- Task goal: A stretch of the entries below is to be set down exactly, running from the line with "#4 test tube" through the line with "Numbers: x, y, z, sx, sy, sz, roll, pitch, yaw.", both included, and no other line.

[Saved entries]
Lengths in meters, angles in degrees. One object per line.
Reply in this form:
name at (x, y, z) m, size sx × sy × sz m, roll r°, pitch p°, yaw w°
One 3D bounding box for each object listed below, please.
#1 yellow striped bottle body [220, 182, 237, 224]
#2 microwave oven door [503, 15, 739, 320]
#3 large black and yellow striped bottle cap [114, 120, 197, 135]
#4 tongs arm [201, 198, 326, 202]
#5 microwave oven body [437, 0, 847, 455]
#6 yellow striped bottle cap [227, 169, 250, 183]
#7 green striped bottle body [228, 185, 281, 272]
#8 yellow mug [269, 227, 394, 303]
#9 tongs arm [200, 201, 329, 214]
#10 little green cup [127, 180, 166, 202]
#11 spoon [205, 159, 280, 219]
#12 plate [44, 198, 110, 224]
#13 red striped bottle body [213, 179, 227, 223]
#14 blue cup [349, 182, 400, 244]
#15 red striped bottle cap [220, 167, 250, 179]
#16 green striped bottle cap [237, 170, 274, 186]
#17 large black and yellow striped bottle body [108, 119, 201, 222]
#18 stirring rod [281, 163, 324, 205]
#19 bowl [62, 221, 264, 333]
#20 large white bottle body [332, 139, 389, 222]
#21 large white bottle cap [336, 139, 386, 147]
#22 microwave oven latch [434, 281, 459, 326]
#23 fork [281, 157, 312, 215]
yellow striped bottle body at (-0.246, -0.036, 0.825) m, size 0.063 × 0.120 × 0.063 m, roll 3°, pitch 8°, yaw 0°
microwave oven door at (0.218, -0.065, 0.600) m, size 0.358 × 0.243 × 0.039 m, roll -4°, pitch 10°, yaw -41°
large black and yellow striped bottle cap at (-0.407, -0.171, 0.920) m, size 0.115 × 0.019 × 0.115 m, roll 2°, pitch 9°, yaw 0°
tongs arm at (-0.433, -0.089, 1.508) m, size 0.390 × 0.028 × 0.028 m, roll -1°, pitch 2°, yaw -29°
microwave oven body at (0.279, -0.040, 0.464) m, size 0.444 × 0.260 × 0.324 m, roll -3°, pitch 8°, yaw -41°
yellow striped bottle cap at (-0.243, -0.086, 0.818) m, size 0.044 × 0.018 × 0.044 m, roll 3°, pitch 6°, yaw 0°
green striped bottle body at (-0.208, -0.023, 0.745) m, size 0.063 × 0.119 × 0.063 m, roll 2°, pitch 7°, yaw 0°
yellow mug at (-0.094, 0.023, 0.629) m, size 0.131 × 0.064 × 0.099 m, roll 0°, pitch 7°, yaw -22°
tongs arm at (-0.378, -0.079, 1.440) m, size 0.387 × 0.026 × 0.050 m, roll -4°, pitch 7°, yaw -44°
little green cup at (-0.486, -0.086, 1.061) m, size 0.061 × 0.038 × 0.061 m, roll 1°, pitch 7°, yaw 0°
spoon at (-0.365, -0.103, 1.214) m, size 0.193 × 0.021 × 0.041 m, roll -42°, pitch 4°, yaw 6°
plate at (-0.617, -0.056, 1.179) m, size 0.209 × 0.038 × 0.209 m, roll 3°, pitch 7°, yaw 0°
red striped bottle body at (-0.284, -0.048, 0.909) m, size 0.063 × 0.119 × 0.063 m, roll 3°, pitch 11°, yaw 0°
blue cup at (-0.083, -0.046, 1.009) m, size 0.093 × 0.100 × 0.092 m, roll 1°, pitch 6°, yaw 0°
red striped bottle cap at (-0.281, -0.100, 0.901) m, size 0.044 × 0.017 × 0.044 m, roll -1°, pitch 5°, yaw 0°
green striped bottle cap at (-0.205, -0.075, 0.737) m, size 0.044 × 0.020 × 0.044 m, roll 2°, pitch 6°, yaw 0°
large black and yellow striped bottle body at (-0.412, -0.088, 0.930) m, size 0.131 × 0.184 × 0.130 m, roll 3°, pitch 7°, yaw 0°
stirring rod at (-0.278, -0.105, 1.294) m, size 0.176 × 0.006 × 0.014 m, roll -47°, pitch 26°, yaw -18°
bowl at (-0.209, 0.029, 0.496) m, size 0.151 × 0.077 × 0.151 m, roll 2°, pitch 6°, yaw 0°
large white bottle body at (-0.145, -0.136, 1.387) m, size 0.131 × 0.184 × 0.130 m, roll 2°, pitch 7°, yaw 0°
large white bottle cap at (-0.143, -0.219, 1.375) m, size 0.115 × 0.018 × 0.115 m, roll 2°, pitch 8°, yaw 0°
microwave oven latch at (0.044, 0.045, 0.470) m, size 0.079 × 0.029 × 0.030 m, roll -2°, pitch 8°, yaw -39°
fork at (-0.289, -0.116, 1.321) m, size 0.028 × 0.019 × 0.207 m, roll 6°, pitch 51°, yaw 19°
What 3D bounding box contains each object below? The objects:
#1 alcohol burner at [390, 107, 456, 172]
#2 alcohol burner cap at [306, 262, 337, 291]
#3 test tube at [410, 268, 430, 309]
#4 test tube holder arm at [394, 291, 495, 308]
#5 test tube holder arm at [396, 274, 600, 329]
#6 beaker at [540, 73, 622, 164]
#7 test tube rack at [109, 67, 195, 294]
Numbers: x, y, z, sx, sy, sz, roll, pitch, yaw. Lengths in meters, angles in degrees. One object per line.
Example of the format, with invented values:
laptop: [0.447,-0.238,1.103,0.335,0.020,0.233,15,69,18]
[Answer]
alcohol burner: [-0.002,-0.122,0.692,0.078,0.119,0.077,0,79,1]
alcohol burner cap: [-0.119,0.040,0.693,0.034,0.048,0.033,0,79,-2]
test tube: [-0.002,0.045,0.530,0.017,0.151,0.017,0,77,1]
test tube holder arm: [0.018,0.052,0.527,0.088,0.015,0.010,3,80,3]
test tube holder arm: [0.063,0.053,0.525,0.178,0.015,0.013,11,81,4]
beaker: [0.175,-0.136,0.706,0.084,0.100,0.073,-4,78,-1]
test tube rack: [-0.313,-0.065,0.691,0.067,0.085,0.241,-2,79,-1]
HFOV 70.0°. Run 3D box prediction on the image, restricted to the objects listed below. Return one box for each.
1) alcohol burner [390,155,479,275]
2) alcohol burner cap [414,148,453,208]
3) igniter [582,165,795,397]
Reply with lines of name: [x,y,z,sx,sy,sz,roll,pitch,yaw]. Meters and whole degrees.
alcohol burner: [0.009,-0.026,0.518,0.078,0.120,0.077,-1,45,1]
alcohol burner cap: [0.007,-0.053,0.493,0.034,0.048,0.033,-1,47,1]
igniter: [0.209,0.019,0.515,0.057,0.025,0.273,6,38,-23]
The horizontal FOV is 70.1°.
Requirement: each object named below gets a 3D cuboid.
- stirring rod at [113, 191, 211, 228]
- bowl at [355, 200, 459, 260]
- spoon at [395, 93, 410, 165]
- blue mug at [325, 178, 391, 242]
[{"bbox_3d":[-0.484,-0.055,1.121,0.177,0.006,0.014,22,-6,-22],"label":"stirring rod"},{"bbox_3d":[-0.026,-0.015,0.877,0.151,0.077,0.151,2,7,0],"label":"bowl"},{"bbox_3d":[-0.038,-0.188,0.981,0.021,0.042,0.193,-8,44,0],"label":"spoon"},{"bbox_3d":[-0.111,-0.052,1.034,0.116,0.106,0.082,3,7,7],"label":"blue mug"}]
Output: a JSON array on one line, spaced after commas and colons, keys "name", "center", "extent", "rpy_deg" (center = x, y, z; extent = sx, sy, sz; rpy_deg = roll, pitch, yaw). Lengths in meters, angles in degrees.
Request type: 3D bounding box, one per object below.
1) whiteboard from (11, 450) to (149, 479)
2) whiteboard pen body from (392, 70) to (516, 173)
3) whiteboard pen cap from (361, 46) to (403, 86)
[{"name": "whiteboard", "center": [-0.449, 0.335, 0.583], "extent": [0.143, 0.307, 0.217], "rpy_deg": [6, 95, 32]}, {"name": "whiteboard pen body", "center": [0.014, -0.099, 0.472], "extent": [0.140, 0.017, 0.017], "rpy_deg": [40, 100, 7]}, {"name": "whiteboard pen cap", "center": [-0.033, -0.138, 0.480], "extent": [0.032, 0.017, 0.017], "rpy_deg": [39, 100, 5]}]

- Solved exercise:
#4 test tube holder arm at [394, 291, 495, 308]
#5 test tube holder arm at [396, 274, 600, 329]
#6 beaker at [540, 73, 622, 164]
#7 test tube rack at [109, 67, 195, 294]
Numbers: x, y, z, sx, sy, sz, roll, pitch, yaw. Lengths in meters, angles in degrees. One object per line.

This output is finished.